___ Records to process

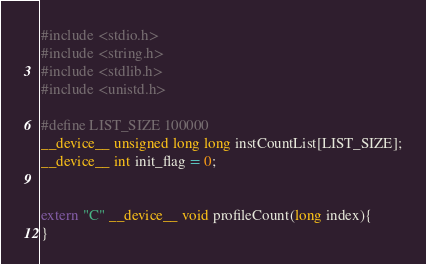<code> <loc_0><loc_0><loc_500><loc_500><_Cuda_>#include <stdio.h>
#include <string.h>
#include <stdlib.h>
#include <unistd.h>

#define LIST_SIZE 100000
__device__ unsigned long long instCountList[LIST_SIZE];
__device__ int init_flag = 0;


extern "C" __device__ void profileCount(long index){
}
</code> 
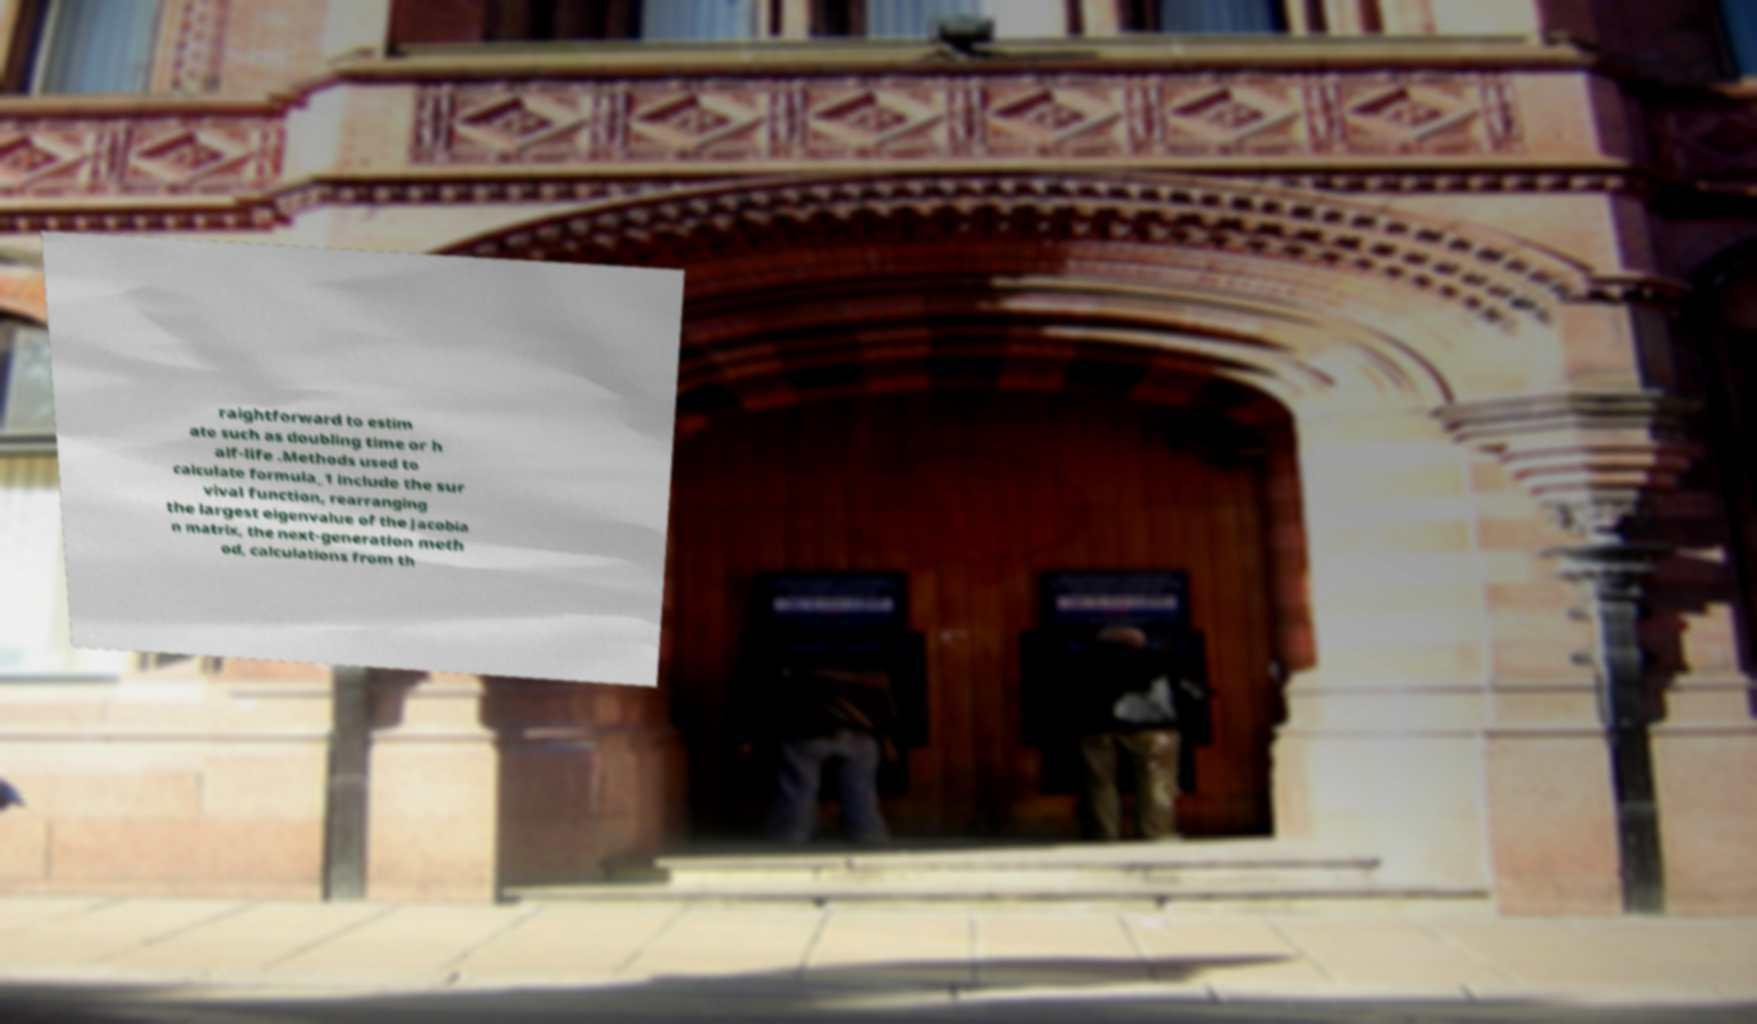Please identify and transcribe the text found in this image. raightforward to estim ate such as doubling time or h alf-life .Methods used to calculate formula_1 include the sur vival function, rearranging the largest eigenvalue of the Jacobia n matrix, the next-generation meth od, calculations from th

______

◆ **What is required**: Quote verbatim every line starting at the line that contains "#include <string.h>" and ending with the last line of the records; omit all pictures.

◆ **Result of this exercise**:
#include <string.h>
#include <stdlib.h>
#include <unistd.h>

#define LIST_SIZE 100000
__device__ unsigned long long instCountList[LIST_SIZE];
__device__ int init_flag = 0;


extern "C" __device__ void profileCount(long index){
}
</code> 
Please identify and transcribe the text found in this image. raightforward to estim ate such as doubling time or h alf-life .Methods used to calculate formula_1 include the sur vival function, rearranging the largest eigenvalue of the Jacobia n matrix, the next-generation meth od, calculations from th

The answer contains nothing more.